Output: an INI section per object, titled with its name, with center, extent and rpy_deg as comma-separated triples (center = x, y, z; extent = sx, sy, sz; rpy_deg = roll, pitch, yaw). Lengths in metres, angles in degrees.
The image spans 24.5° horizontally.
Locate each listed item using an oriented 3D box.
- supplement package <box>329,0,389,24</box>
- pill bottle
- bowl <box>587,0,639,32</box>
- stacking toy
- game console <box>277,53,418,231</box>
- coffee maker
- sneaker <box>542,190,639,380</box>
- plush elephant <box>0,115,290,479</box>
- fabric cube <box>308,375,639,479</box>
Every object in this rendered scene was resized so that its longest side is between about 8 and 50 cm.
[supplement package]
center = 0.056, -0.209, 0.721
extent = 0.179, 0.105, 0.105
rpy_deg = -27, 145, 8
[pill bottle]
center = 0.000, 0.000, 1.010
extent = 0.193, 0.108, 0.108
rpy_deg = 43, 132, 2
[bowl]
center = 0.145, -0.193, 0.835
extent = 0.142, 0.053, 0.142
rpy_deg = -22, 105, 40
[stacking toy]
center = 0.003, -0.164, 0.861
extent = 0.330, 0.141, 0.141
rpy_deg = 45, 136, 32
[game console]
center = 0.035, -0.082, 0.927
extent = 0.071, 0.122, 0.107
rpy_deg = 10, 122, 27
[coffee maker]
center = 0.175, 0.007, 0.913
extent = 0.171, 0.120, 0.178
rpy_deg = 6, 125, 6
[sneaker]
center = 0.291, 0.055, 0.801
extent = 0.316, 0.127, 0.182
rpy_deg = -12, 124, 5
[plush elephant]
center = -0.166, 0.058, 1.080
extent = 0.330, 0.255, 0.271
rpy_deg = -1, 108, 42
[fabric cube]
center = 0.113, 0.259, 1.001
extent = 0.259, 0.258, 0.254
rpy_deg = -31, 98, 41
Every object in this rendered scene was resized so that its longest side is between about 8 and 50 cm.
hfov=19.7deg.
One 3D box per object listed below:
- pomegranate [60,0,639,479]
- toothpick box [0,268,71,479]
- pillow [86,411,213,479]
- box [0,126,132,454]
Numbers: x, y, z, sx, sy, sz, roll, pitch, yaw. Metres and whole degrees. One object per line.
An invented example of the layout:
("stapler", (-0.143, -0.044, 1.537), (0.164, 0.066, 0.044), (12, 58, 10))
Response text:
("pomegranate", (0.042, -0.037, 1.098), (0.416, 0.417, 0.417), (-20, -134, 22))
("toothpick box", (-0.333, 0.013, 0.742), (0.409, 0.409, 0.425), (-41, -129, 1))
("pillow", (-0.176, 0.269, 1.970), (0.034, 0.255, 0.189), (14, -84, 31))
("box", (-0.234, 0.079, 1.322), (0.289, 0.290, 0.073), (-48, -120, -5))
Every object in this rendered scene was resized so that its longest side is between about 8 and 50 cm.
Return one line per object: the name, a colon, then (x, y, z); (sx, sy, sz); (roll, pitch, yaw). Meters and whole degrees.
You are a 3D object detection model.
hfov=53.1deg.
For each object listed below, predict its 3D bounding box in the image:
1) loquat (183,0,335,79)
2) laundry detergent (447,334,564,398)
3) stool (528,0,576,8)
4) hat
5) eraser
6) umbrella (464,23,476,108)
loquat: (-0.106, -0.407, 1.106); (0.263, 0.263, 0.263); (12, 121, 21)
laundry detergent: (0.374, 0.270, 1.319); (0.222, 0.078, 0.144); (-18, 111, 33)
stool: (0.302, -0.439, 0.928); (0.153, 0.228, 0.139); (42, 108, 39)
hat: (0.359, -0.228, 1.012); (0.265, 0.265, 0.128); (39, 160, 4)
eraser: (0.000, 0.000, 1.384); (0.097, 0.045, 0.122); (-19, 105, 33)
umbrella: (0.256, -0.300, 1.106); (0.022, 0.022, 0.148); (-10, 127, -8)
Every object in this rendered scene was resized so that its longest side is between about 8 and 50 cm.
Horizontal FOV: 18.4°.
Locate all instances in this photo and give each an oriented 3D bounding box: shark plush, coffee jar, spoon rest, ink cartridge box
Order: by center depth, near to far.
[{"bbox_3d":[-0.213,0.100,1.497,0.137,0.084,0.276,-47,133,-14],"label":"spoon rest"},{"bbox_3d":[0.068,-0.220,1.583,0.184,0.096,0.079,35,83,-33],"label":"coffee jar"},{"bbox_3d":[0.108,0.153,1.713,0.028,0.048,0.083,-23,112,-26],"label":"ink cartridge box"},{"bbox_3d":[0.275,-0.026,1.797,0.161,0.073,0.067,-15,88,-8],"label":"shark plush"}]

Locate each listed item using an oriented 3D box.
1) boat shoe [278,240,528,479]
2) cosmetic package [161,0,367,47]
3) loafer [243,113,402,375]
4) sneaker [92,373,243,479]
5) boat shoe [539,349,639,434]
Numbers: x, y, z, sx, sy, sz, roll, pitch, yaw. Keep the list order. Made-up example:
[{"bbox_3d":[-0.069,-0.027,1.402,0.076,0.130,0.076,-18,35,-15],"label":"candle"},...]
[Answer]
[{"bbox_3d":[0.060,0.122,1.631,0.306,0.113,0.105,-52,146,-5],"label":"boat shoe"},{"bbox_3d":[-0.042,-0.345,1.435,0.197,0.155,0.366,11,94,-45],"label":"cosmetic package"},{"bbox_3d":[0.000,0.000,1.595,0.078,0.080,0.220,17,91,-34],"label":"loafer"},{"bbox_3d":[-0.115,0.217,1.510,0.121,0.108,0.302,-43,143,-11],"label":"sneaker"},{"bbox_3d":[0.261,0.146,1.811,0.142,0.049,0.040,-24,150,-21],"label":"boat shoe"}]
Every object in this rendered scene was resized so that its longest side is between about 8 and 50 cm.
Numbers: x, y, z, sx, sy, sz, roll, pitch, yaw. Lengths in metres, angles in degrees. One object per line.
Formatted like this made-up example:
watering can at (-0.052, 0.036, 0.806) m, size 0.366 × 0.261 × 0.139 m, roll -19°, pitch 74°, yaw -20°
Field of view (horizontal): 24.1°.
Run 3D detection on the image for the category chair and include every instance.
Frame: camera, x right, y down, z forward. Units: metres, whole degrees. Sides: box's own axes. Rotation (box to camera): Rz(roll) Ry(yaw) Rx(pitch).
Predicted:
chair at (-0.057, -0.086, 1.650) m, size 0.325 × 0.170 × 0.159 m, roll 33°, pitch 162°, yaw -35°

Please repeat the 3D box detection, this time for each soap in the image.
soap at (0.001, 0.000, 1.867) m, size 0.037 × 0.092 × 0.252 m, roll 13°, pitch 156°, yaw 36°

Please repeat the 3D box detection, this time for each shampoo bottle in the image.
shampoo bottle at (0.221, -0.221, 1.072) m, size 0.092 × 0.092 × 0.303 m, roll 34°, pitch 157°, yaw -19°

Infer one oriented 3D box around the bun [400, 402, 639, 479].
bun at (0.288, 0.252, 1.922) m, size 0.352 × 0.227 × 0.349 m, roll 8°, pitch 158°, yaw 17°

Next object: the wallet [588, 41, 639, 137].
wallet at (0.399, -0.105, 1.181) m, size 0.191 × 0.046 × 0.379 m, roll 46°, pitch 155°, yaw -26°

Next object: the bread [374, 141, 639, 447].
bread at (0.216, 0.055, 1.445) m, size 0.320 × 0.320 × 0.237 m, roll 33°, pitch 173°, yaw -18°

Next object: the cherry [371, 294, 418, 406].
-*-
* What the task asks:
Each line containing the word "bounding" needs to be copied from the data above.

* Answer to the problem:
For each object listed below, predict its 3D bounding box in the image:
Locate all instances in this photo and give each an oriented 3D bounding box: shark plush, coffee jar, spoon rest, ink cartridge box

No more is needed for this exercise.